Using the records below, transcribe word for word the stretch from the line that contains "table_cell [248, 1550, 474, 1605]" through the line that contains "table_cell € [700, 1202, 926, 1406]", both end lines included, and nothing else.

==== Source data ====

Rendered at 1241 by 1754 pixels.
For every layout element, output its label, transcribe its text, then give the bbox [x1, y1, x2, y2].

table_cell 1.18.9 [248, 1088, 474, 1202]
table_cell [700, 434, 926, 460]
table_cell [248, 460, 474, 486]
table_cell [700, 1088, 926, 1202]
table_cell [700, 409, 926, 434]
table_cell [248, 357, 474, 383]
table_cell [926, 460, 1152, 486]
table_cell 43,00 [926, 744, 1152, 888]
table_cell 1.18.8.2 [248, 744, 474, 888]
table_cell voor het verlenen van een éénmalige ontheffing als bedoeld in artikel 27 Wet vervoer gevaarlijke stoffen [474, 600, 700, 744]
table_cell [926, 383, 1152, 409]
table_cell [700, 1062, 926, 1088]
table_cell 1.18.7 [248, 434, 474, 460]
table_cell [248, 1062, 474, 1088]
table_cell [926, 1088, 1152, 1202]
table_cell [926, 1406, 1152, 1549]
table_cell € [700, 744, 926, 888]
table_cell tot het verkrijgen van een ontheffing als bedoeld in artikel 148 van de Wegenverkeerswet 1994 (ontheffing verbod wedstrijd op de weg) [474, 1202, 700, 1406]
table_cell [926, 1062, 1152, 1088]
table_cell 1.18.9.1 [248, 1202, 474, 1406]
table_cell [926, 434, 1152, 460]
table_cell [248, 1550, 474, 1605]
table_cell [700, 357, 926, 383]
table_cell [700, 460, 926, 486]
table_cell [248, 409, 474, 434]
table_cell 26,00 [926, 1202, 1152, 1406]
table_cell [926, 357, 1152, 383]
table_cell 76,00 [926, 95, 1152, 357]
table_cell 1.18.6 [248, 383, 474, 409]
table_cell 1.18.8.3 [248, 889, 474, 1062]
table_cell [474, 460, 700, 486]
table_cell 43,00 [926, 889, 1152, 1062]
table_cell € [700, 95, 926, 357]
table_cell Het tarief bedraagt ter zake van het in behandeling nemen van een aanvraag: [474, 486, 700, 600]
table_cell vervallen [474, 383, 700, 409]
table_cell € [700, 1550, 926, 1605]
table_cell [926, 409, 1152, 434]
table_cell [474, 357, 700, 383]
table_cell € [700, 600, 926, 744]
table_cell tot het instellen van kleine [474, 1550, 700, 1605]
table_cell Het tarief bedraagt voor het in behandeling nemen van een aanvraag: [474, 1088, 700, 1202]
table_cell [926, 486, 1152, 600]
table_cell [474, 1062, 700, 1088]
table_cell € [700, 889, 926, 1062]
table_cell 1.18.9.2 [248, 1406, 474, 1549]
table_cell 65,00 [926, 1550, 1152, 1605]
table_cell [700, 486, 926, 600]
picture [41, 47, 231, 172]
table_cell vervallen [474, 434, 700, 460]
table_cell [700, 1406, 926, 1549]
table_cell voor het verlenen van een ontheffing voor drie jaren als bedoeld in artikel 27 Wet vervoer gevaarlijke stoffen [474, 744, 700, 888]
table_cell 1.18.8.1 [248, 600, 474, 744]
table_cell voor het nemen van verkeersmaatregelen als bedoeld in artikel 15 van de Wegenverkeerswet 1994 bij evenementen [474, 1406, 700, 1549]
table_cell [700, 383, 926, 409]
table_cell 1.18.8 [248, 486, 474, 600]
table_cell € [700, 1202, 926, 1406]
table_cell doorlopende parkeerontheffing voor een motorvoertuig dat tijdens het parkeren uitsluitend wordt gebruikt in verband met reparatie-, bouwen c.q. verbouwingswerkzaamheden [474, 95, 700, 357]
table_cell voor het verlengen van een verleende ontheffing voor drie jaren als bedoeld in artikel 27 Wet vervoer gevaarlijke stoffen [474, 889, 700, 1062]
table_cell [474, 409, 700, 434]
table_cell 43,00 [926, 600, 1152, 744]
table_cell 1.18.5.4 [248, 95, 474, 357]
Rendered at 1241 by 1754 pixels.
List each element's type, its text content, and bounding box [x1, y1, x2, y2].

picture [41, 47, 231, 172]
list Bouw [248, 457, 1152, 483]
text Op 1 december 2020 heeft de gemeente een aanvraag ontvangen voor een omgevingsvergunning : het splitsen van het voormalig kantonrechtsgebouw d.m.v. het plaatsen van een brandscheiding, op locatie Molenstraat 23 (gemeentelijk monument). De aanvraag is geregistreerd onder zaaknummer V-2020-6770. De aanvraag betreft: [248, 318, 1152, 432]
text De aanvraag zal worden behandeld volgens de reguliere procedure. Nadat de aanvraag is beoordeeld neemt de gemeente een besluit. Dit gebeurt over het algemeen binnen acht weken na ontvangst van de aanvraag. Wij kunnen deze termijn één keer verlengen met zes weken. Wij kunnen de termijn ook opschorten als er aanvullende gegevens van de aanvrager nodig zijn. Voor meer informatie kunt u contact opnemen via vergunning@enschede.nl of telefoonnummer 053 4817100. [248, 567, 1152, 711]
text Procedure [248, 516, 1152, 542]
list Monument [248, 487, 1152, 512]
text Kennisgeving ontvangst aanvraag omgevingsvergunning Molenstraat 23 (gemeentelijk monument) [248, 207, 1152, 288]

====
==== Source data ====

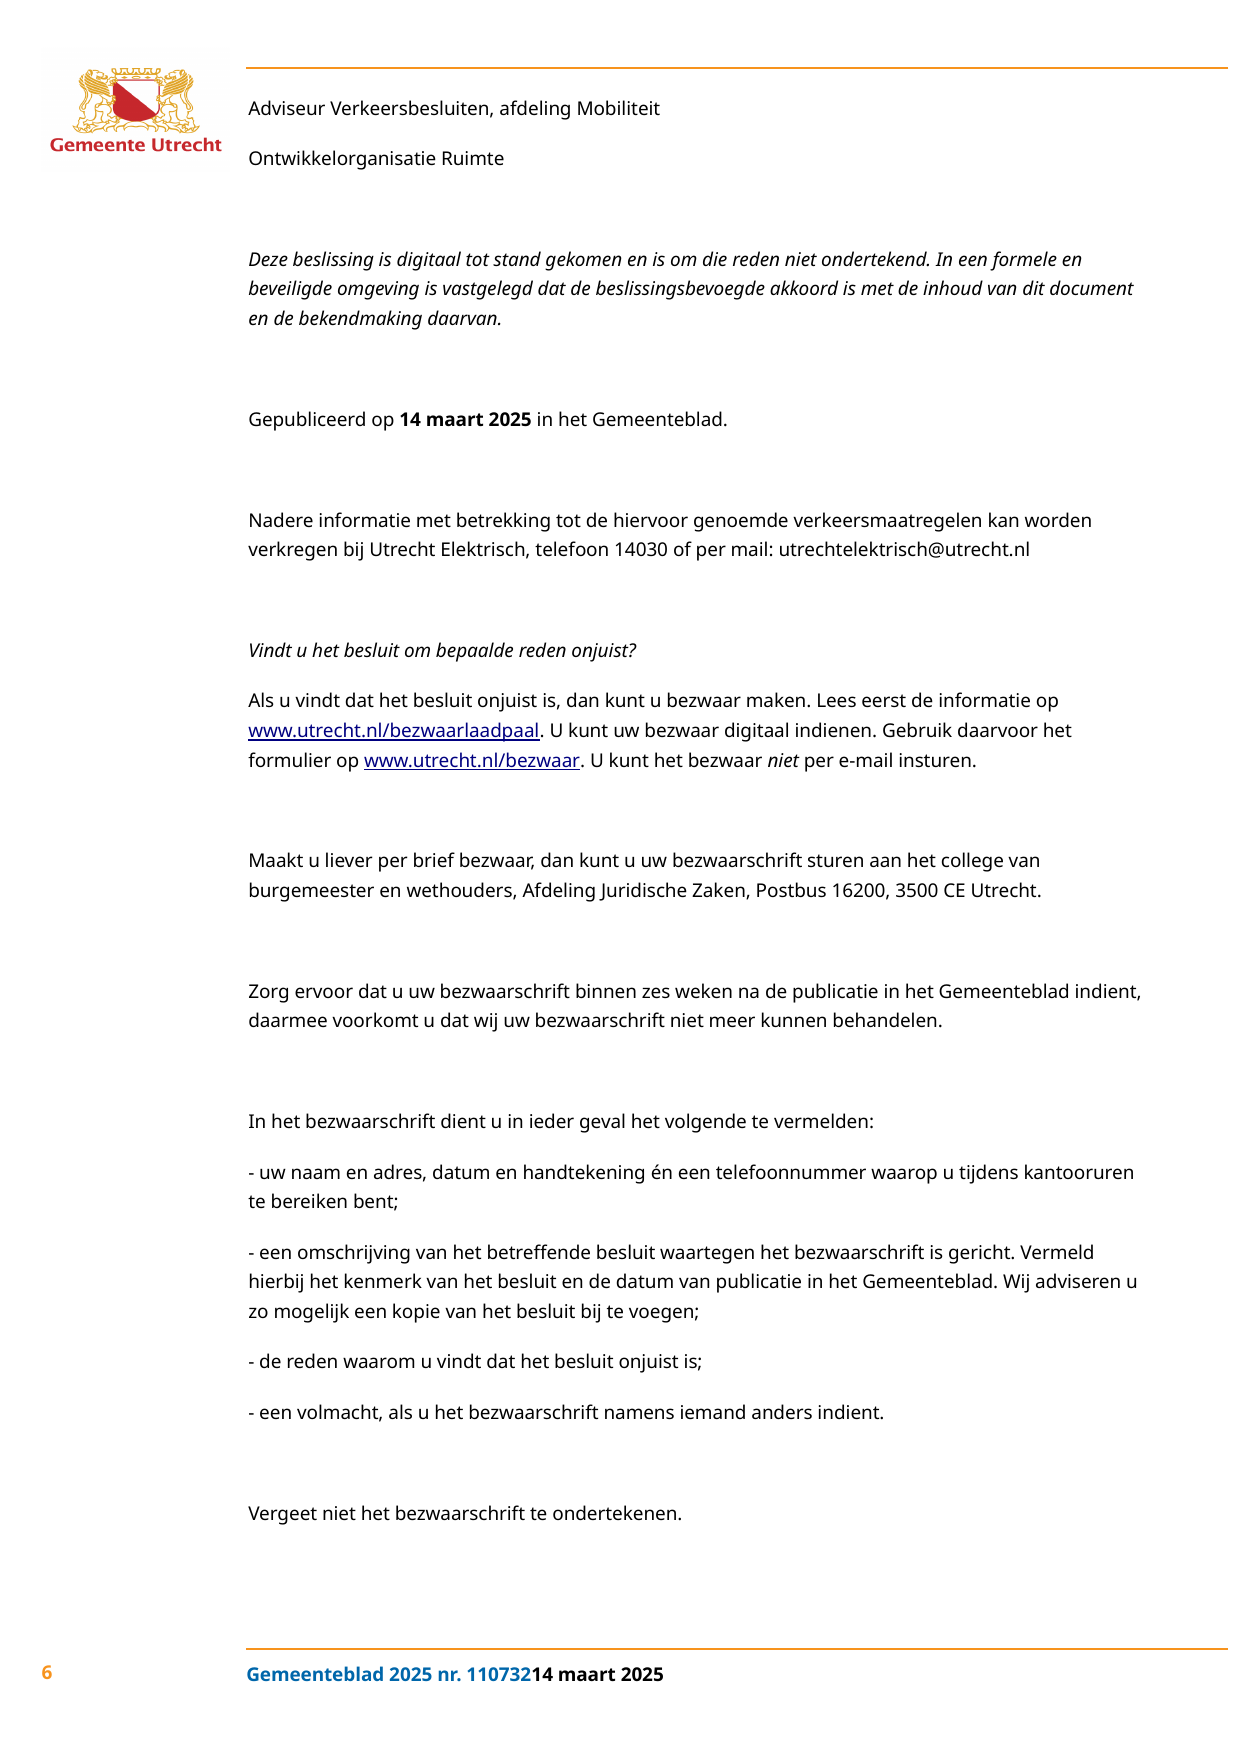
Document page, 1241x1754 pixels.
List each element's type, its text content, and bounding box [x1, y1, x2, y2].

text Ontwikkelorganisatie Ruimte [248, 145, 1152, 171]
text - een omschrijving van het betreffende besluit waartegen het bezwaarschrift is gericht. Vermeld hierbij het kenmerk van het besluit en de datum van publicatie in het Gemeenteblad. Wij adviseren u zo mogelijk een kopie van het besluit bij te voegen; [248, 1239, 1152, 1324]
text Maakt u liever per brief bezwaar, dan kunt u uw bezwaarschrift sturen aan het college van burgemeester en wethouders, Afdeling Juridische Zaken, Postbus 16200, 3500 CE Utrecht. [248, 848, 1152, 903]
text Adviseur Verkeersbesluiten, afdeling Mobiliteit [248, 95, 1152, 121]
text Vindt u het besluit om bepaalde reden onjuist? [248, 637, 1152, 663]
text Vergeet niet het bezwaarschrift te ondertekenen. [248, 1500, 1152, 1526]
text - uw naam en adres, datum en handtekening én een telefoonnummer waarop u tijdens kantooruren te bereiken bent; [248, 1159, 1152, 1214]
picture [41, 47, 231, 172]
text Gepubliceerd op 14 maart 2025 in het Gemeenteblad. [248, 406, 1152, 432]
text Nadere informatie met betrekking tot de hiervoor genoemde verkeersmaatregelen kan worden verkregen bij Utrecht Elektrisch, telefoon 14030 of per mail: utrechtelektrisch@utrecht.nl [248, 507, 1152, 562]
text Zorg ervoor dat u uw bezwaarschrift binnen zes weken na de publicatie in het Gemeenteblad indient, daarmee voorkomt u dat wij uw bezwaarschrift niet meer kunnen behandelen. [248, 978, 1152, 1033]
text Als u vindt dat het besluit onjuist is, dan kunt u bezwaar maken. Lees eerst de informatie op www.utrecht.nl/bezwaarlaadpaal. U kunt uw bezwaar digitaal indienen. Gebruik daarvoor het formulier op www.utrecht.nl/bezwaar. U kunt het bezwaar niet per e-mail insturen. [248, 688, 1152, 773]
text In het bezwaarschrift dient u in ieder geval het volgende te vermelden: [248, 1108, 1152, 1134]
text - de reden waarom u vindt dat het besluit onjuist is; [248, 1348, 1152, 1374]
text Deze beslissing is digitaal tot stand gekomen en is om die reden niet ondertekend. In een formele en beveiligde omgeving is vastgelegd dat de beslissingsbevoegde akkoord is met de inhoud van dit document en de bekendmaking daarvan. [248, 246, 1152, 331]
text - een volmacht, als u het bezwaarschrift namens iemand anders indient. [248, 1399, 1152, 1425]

====

* Completed exercise *
table_cell [248, 1550, 474, 1605]
table_cell [700, 357, 926, 383]
table_cell [700, 460, 926, 486]
table_cell [248, 409, 474, 434]
table_cell 26,00 [926, 1202, 1152, 1406]
table_cell [926, 357, 1152, 383]
table_cell 76,00 [926, 95, 1152, 357]
table_cell 1.18.6 [248, 383, 474, 409]
table_cell 1.18.8.3 [248, 889, 474, 1062]
table_cell [474, 460, 700, 486]
table_cell 43,00 [926, 889, 1152, 1062]
table_cell € [700, 95, 926, 357]
table_cell Het tarief bedraagt ter zake van het in behandeling nemen van een aanvraag: [474, 486, 700, 600]
table_cell vervallen [474, 383, 700, 409]
table_cell € [700, 1550, 926, 1605]
table_cell [926, 409, 1152, 434]
table_cell [474, 357, 700, 383]
table_cell € [700, 600, 926, 744]
table_cell tot het instellen van kleine [474, 1550, 700, 1605]
table_cell Het tarief bedraagt voor het in behandeling nemen van een aanvraag: [474, 1088, 700, 1202]
table_cell [926, 486, 1152, 600]
table_cell [474, 1062, 700, 1088]
table_cell € [700, 889, 926, 1062]
table_cell 1.18.9.2 [248, 1406, 474, 1549]
table_cell 65,00 [926, 1550, 1152, 1605]
table_cell [700, 486, 926, 600]
picture [41, 47, 231, 172]
table_cell vervallen [474, 434, 700, 460]
table_cell [700, 1406, 926, 1549]
table_cell voor het verlenen van een ontheffing voor drie jaren als bedoeld in artikel 27 Wet vervoer gevaarlijke stoffen [474, 744, 700, 888]
table_cell 1.18.8.1 [248, 600, 474, 744]
table_cell voor het nemen van verkeersmaatregelen als bedoeld in artikel 15 van de Wegenverkeerswet 1994 bij evenementen [474, 1406, 700, 1549]
table_cell [700, 383, 926, 409]
table_cell 1.18.8 [248, 486, 474, 600]
table_cell € [700, 1202, 926, 1406]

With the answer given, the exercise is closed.